Problem statement | Line count for "object": tally the lines of the records below that contain it, and give only that number.

Data items:
↓↓↓

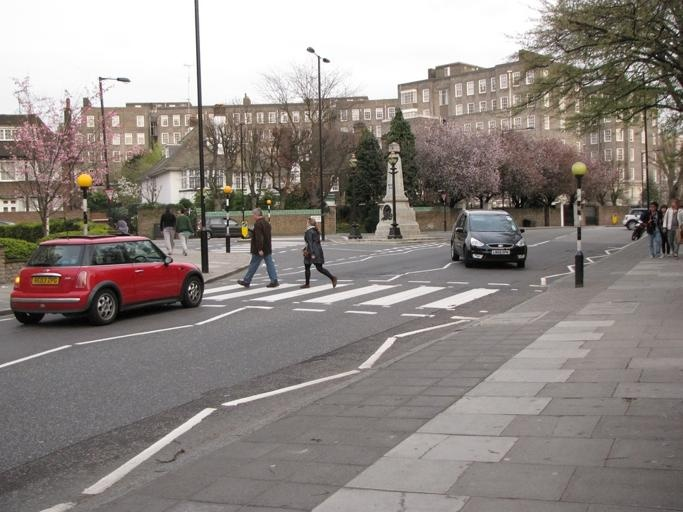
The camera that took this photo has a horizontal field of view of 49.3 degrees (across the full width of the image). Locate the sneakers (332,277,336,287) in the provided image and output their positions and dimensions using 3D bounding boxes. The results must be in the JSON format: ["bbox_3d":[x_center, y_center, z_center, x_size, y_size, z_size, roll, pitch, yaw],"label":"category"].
[{"bbox_3d":[-0.185,0.691,19.187,0.098,0.257,0.085,2,15,-2],"label":"sneakers"}]

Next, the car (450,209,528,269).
[{"bbox_3d":[4.858,-0.557,24.659,2.228,1.890,2.866,-2,5,10],"label":"car"}]

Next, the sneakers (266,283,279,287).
[{"bbox_3d":[-1.858,0.762,19.945,0.328,0.151,0.120,5,8,19],"label":"sneakers"}]
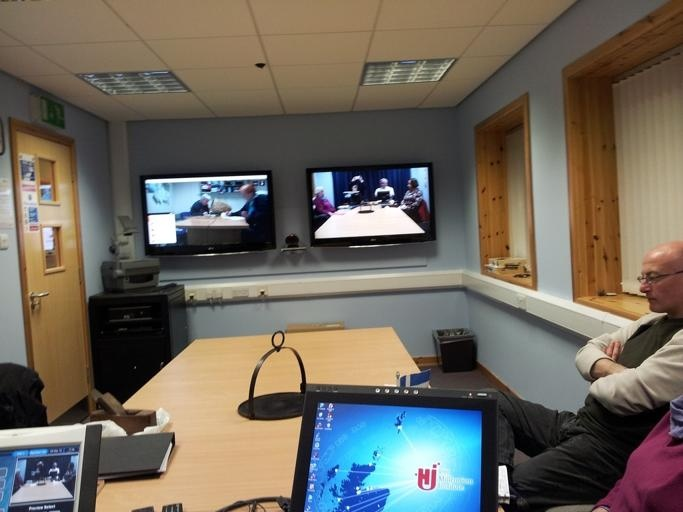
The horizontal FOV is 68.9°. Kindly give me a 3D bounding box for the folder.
[{"bbox_3d":[-0.868,0.841,2.107,0.211,0.054,0.229,-2,12,-9],"label":"folder"}]

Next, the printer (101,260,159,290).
[{"bbox_3d":[-2.094,0.182,4.948,0.314,0.311,0.457,1,3,34],"label":"printer"}]

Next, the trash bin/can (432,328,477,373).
[{"bbox_3d":[1.232,0.983,5.404,0.446,0.355,0.397,-1,-4,-6],"label":"trash bin/can"}]
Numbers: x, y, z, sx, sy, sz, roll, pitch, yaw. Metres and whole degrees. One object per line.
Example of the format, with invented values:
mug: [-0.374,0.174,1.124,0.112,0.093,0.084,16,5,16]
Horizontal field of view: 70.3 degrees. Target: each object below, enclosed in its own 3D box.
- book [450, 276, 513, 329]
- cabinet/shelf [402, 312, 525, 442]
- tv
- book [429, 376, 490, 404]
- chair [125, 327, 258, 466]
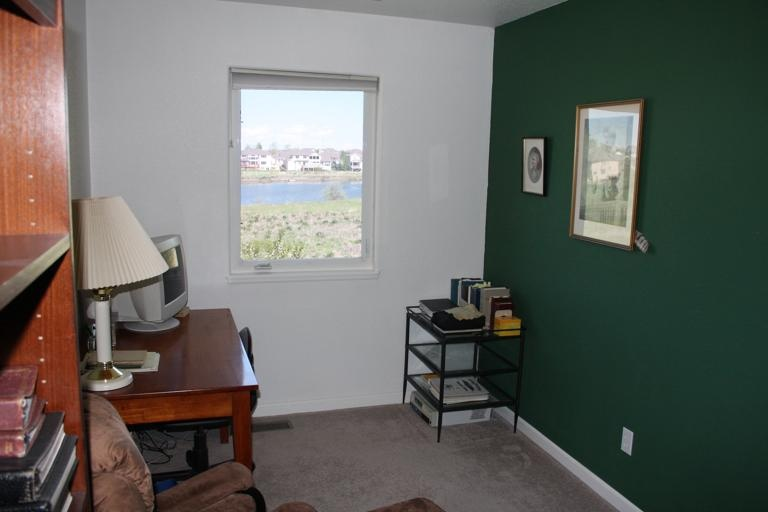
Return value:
book: [0.747,0.252,4.308,0.305,0.572,0.587,-3,10,-15]
cabinet/shelf: [0.610,0.902,4.317,0.800,0.799,0.597,5,4,-29]
tv: [-1.576,0.104,3.596,0.629,0.628,0.557,-2,15,-19]
book: [0.580,1.000,4.188,0.438,0.149,0.379,-2,15,-13]
chair: [-1.066,0.755,3.011,0.609,0.435,0.885,-3,11,-18]

↑↑↑

Answer box | 2